Когда она начала выздоравливать, женщины переменили тактику и перестали ее ругать. Теперь они приносили с собой свои вышивания и вязания и в конце концов устроили в доме Этель Фордхам одеяльное производство. Презрев людей, предпочитавших новые, мягкие одеяла, они делали то, чему их научили матери в период, который у богатых назывался Депрессией, а у них — жизнью. Среди их приходов и уходов, слушая их разговоры, их песни, выполняя их инструкции, Си волей-неволей стала задумываться о них, чего с ней раньше не случалось. Они ничем не походили на Ленору, которая ездила на Салеме, а теперь, после легкого удара, вообще ничего не делала. Хотя все эти сиделки сильно отличались друг от дружки внешностью, одеждой, манерой речи, вкусами в еде и медицинскими предпочтениями, сходство между ними было разительным. В садах у них не было ничего лишнего, потому что они всем делились. В домах не было мусора и хлама, потому что все шло в дело. Они несли ответственность за свою жизнь и за те живые существа, которые в них нуждались. Отсутствие здравого смысла раздражало их, но не удивляло. Лень была больше чем нетерпима — это было что-то не людское. В поле ты, дома или у себя на дворе, ты должна быть при деле. Спят не для того, чтобы сны смотреть, а чтоб набраться сил для завтрашнего. Разговоры сопровождались работой: глажкой, лущением, чисткой овощей, перебиранием крупы, шитьем, штопкой, стиркой, уходом за больной. Возрасту не научишься, но взрослым каждый может быть. Скорбь помогает, но Бог лучше, и они не хотят, представ перед Создателем, оправдываться за порожнюю жизнь. Они знали, Он спросит каждую: «Что ты сделала?»

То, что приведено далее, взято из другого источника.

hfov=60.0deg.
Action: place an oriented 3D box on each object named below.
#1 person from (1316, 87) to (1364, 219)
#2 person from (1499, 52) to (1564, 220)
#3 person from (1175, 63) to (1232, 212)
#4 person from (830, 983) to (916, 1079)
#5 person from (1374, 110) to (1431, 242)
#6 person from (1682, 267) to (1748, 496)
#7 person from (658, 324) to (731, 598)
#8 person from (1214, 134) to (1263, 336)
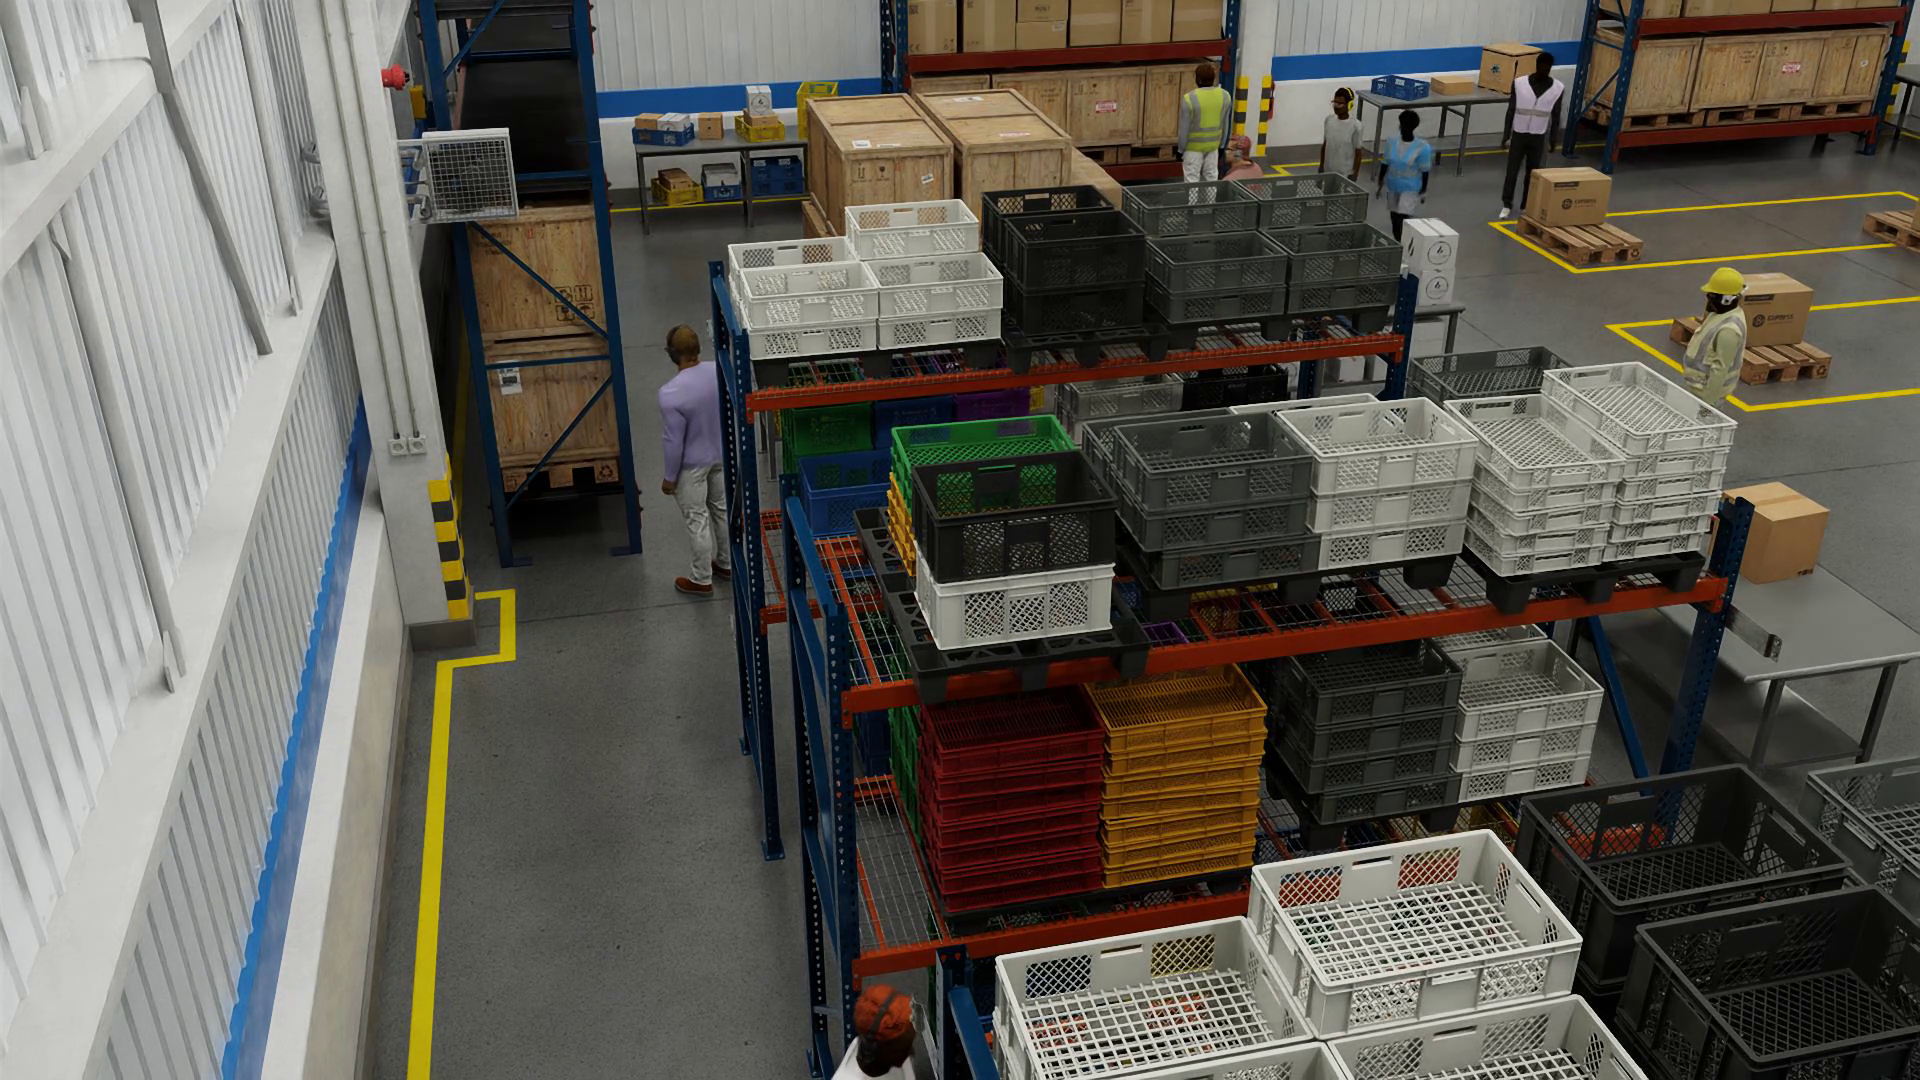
[{"bbox_3d":[3.999,-3.860,17.642,0.332,1.867,0.514,-23,35,-36],"label":"person"},{"bbox_3d":[6.553,-4.651,19.109,0.607,1.904,0.455,5,28,9],"label":"person"},{"bbox_3d":[2.713,-4.439,18.768,0.636,1.840,0.429,-11,30,-20],"label":"person"},{"bbox_3d":[-0.290,2.321,5.892,0.353,1.887,0.572,9,29,16],"label":"person"},{"bbox_3d":[4.626,-3.689,17.520,0.583,1.677,0.537,-22,35,-36],"label":"person"},{"bbox_3d":[5.668,-1.184,12.612,0.403,1.823,0.595,9,29,17],"label":"person"},{"bbox_3d":[-1.783,-0.533,11.260,0.371,1.934,0.627,17,32,29],"label":"person"},{"bbox_3d":[2.577,-2.893,15.766,0.408,1.905,0.654,17,32,28],"label":"person"}]

Си помнила, что одного сына Этель Фордхам убили на Севере, в Детройте. У Мейлин Стоун один рабочий глаз, другой выкололо щепкой на лесопилке. Врачей не было, и их не приглашали. И Ханна Рейберн, и Кловер Рид, хромые от полиомиелита, вместе с мужьями и братьями таскали лес к церкви, поврежденной штормом. Какое-то зло, считали они, неисправимо, и пусть с ним разбирается Бог. Другое окоротить можно. Главное — знать разницу.